I began these pages for myself, in order to think out my own particular pattern of living, my own individual balance of life, work and human relationships. And since I think best with a pencil in my hand, I started naturally to write. I had the feeling, when the thoughts first clarified on paper, that my experience was very different from other people’s. (Are we all under this illusion?) My situation had, in certain ways, more freedom than that of most people, and in certain ways, much less.
Besides, I thought, not all women are searching for a new pattern of living, or want a contemplative corner of their own. Many women are content with their lives as they are. They manage amazingly well, far better than I, it seemed to me, looking at their lives from the outside. With envy and admiration, I observed the porcelain perfection of their smoothly ticking days. Perhaps they had no problems, or had found the answers long ago. No, I decided, these discussions would have value and interest only for myself.
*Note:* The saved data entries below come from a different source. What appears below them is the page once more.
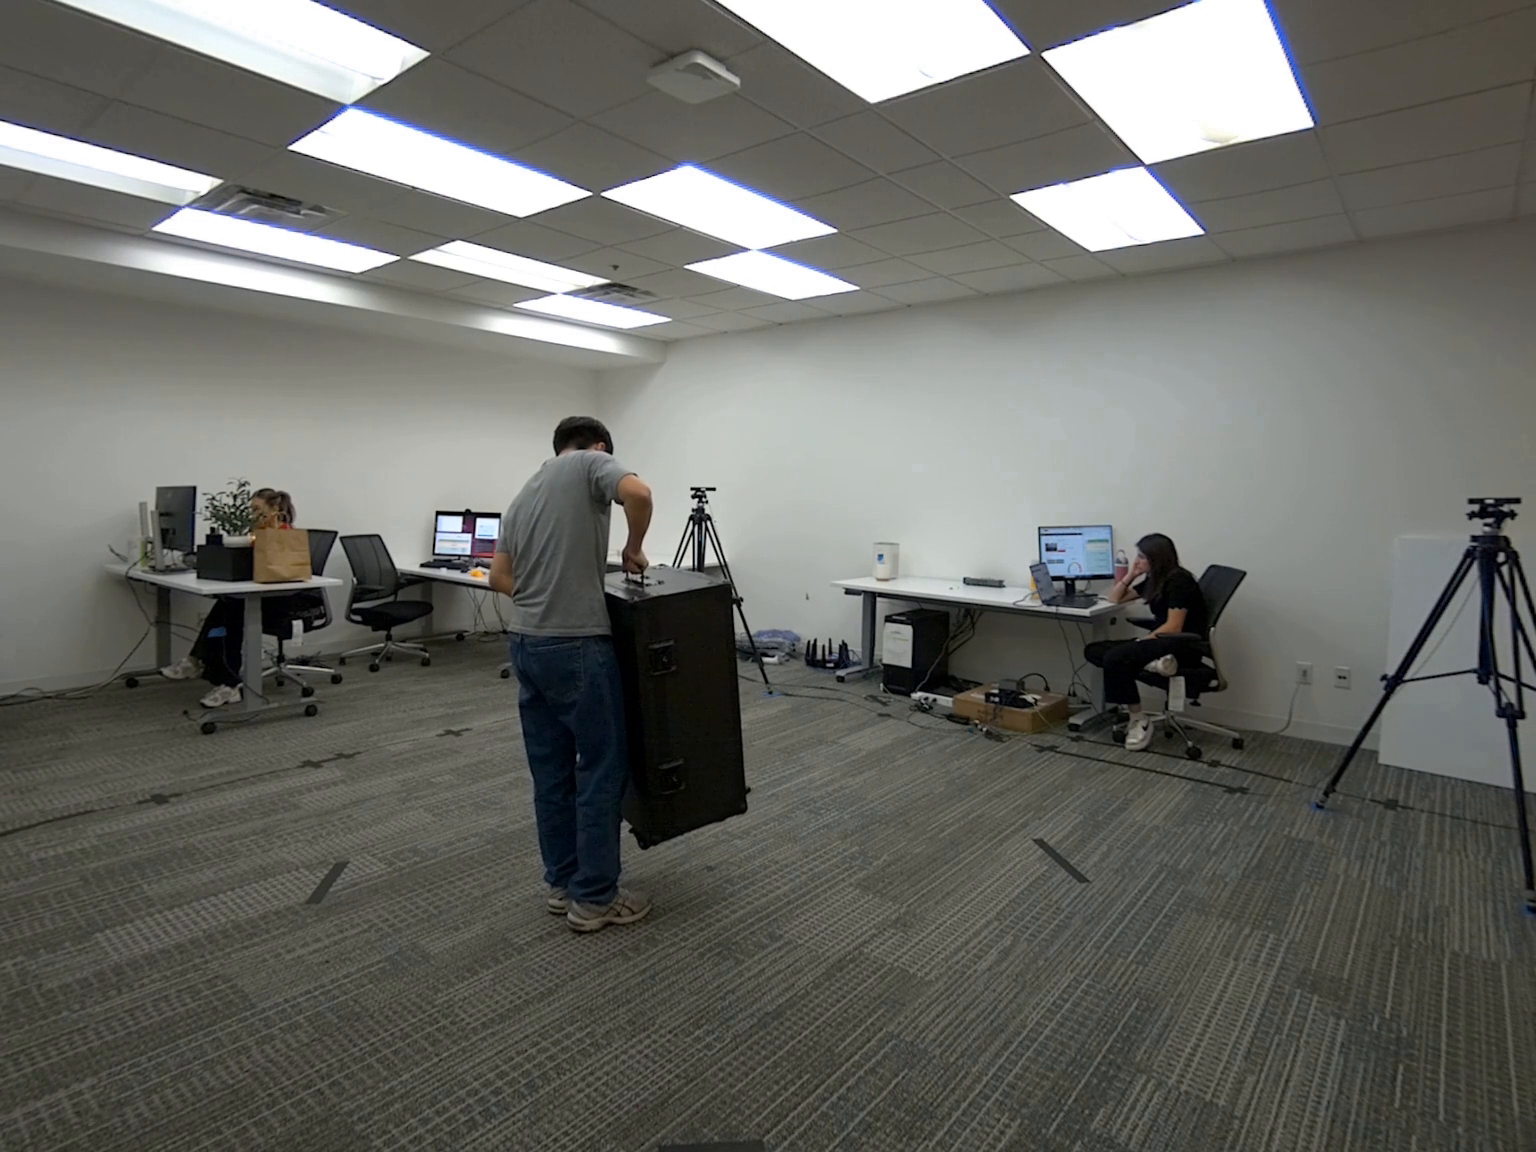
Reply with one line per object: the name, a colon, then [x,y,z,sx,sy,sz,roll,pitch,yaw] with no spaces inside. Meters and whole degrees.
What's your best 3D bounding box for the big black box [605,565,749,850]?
big black box: [-0.368,0.370,2.881,0.387,0.854,0.538,-9,10,-32]
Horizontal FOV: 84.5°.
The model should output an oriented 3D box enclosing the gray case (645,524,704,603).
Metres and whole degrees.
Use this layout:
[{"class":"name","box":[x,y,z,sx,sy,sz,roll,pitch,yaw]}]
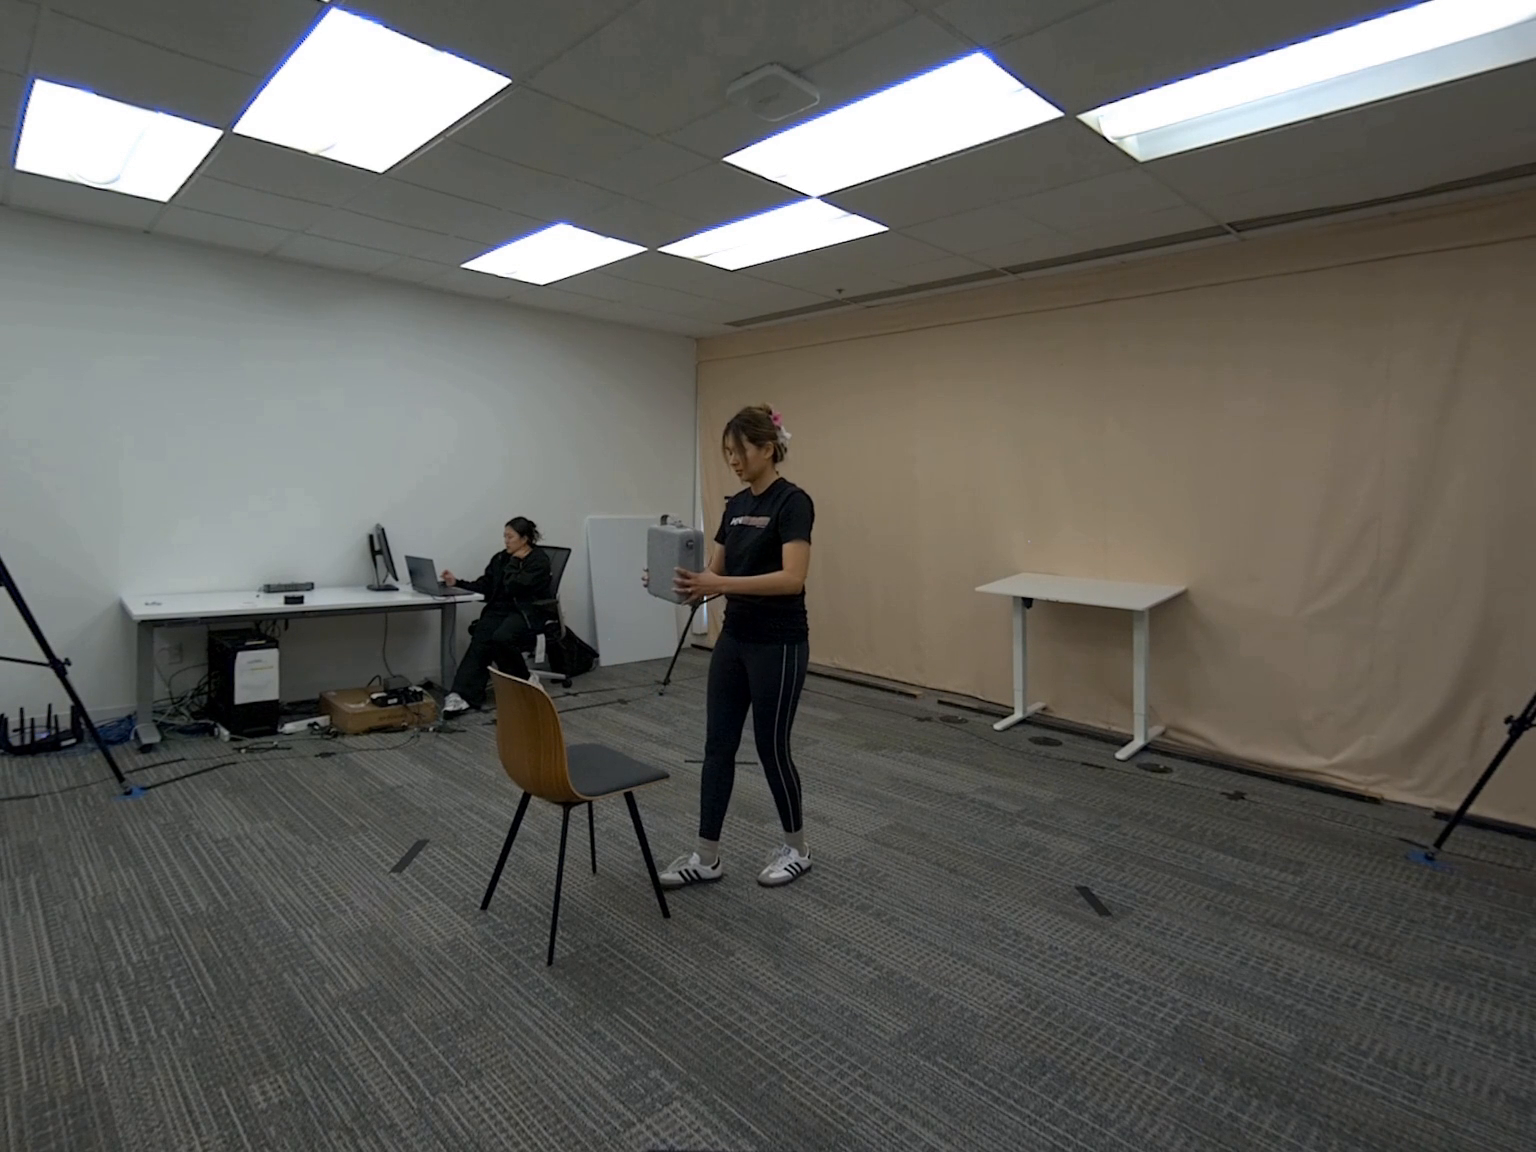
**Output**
[{"class":"gray case","box":[-0.314,-0.046,2.840,0.102,0.259,0.263,-6,9,-30]}]
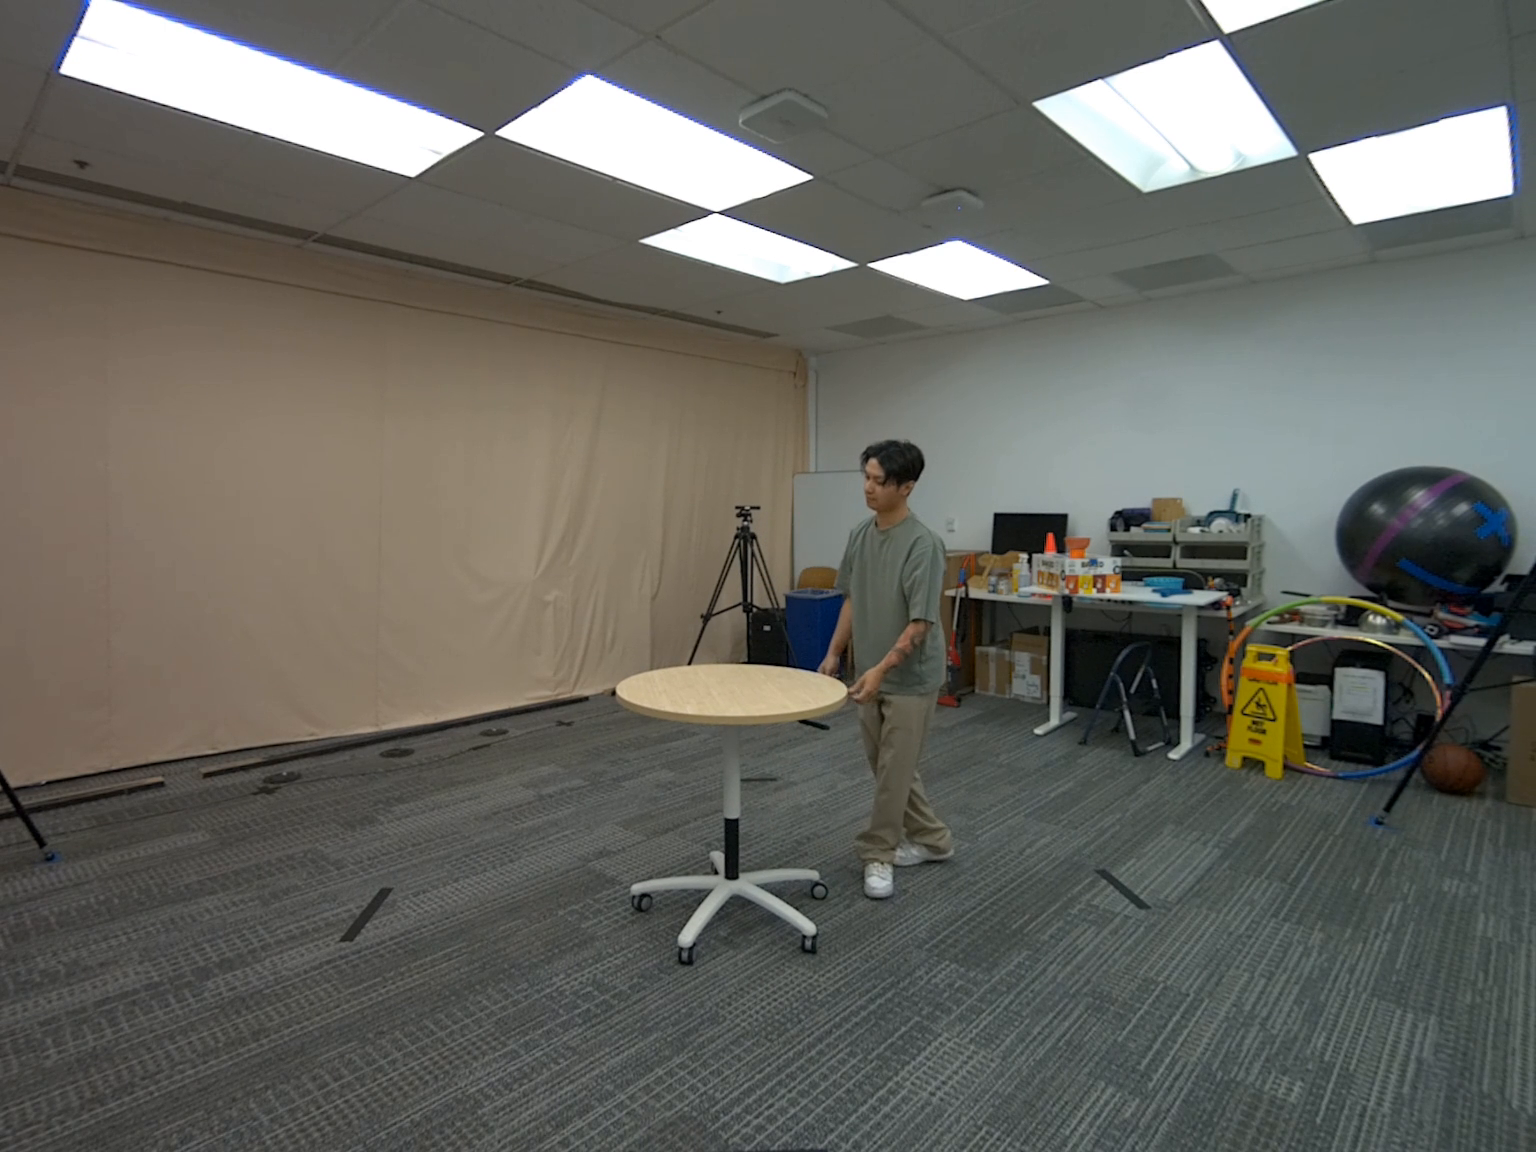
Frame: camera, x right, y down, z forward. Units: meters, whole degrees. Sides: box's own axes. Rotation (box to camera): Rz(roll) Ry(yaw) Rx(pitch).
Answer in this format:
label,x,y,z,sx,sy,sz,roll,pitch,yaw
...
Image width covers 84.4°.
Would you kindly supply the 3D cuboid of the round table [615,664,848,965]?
label,x,y,z,sx,sy,sz,roll,pitch,yaw
round table,-0.109,0.762,2.807,0.784,0.784,0.788,-1,4,-2
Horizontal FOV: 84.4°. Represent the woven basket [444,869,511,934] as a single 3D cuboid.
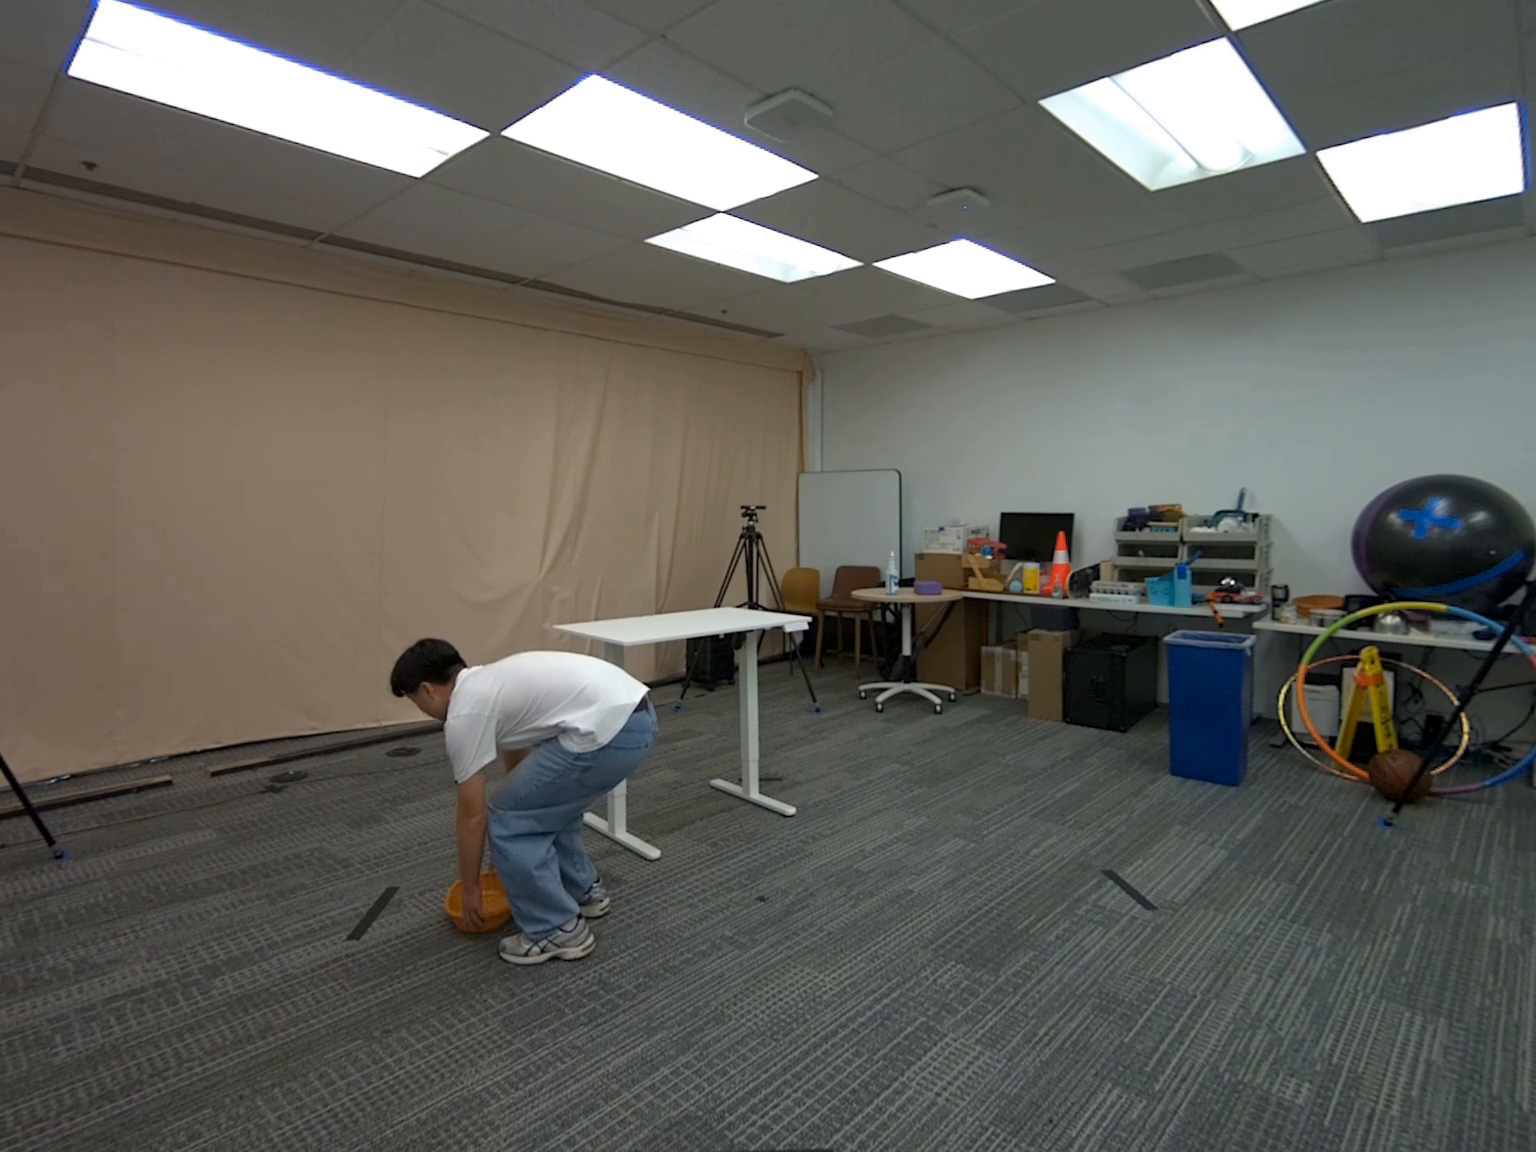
[{"bbox_3d":[-0.973,1.120,2.894,0.250,0.073,0.355,-1,4,-11],"label":"woven basket"}]
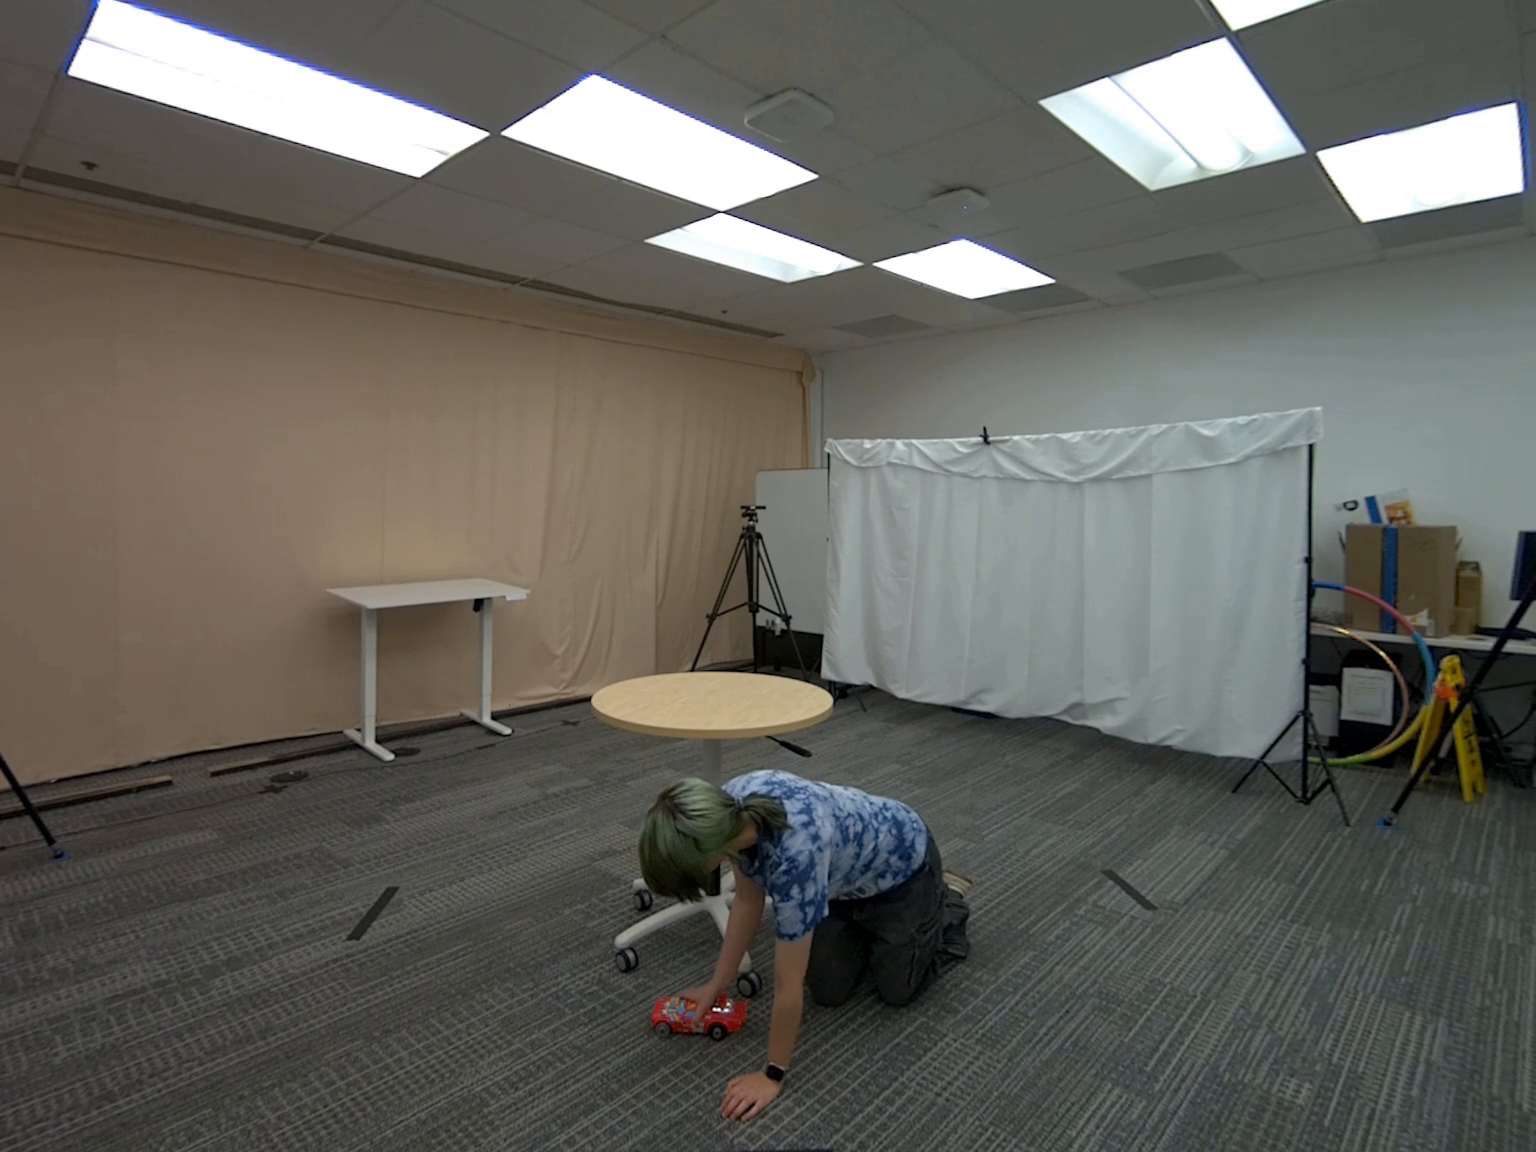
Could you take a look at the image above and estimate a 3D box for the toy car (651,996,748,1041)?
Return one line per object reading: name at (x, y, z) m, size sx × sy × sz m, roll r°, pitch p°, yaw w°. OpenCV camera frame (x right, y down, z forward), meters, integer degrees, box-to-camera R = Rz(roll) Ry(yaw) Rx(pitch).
toy car at (-0.181, 1.190, 2.239) m, size 0.256 × 0.083 × 0.130 m, roll -9°, pitch 3°, yaw 6°

But as I went on writing and simultaneously talking with other women, young annd old, with different lives and experiences – those who supported themselves, those who wished careers, those who were hard-working housewives and mothers, and those with more ease – I found that my point of view was not unique. In varying settings and under different forms, I discovered that many women, and men too, were grappling with essentially the same questions as I, and were hungry to discuss and argue and hammer out possible answers. Even those whose lives had appeared to be ticking imperturbably under their smiling clock-faces were often trying like me, to evolve another rhythm with more creative pauses in it, more adjustment to their individual needs, and new and more alive relationships to themselves as well as others.
And so gradually, these chapters, fed by conversations, arguments and revelations from men and women of all groups, became more than my individual story, until I decided in the end to give them back to the people who had shared and stimulated many of these thoughts. Here, then, with my warm feelings of gratitude and companionship for those working along the same lines, I return my gift from the sea.
I am at the beach for a week. Yay. Freaking. Me. It’s been fabulous and I haven’t even hit the beach yet.
The above is the introduction from the beautiful work, Gift From the Sea by Anne Morrow Lindbergh. I am reading this while I am at the beach. I hope to find some insight. It is so stunningly, beautifully, written. It is absolutely awe inspiring, the way she weaves words. Reading it in a hammock MUST be what she had in mind.
I’ll share more tomorrow. Not sure it will be excerpts from the text every day but some of it may be.
Now off to the beach.. to find my gift from the sea.
Anne Morrow Lindbergh (born Anne Spencer Morrow; June 22, 1906 – February 7, 2001) was an American author, aviator, and the spouse of fellow aviator Charles Lindbergh. She was an acclaimed author whose books and articles spanned the genres of poetry to non-fiction, touching upon topics as diverse as youth and age; love and marriage; peace, solitude and contentment, as well as the role of women in the 20th century.